# Assigned task
For the records below, print the lines from the line with "2) car (136,201,146,216)" through the line with "13) car (156,197,169,204)" exactly as written; include both end lines and exclude the rest.

# Listed entries
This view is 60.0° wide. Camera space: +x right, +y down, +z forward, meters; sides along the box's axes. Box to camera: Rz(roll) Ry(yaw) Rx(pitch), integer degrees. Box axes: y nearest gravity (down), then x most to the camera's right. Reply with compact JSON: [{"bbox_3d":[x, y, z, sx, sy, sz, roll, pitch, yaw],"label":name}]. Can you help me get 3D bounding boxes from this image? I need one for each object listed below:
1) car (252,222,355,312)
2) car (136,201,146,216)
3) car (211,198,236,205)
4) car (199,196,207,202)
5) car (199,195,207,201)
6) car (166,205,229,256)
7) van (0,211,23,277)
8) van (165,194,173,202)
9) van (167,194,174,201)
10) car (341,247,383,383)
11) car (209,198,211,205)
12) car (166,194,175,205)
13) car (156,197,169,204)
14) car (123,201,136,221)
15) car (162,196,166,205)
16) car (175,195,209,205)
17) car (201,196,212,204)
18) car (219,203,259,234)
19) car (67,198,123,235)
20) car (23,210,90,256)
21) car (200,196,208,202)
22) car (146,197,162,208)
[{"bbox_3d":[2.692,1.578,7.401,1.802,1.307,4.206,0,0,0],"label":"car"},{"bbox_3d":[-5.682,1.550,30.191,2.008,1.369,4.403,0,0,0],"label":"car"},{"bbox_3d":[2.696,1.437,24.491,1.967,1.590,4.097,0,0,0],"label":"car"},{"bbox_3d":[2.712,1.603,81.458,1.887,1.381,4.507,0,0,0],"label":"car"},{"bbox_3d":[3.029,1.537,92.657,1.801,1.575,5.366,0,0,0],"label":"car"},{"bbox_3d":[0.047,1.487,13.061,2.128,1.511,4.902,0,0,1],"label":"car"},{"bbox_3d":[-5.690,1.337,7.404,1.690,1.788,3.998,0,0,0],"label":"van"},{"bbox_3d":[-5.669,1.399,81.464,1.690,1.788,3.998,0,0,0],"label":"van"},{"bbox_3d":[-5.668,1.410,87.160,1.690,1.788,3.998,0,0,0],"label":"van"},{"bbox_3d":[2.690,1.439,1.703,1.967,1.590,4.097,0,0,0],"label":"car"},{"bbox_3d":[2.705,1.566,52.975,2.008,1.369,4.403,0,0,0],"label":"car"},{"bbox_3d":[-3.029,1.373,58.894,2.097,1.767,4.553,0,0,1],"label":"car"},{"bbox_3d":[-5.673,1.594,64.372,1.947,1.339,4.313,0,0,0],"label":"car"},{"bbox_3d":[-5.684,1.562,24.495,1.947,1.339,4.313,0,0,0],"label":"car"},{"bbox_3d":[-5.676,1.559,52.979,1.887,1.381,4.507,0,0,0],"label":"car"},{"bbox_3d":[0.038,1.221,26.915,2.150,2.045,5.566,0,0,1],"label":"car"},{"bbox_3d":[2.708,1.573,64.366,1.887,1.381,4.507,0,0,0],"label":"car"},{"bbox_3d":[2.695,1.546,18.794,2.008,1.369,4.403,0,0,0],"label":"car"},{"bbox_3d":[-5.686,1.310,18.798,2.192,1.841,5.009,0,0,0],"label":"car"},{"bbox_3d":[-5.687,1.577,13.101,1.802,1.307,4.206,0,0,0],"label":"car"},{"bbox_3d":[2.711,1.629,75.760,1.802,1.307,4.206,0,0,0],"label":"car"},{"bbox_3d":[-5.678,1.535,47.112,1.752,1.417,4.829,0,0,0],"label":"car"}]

# Result
2) car (136,201,146,216)
3) car (211,198,236,205)
4) car (199,196,207,202)
5) car (199,195,207,201)
6) car (166,205,229,256)
7) van (0,211,23,277)
8) van (165,194,173,202)
9) van (167,194,174,201)
10) car (341,247,383,383)
11) car (209,198,211,205)
12) car (166,194,175,205)
13) car (156,197,169,204)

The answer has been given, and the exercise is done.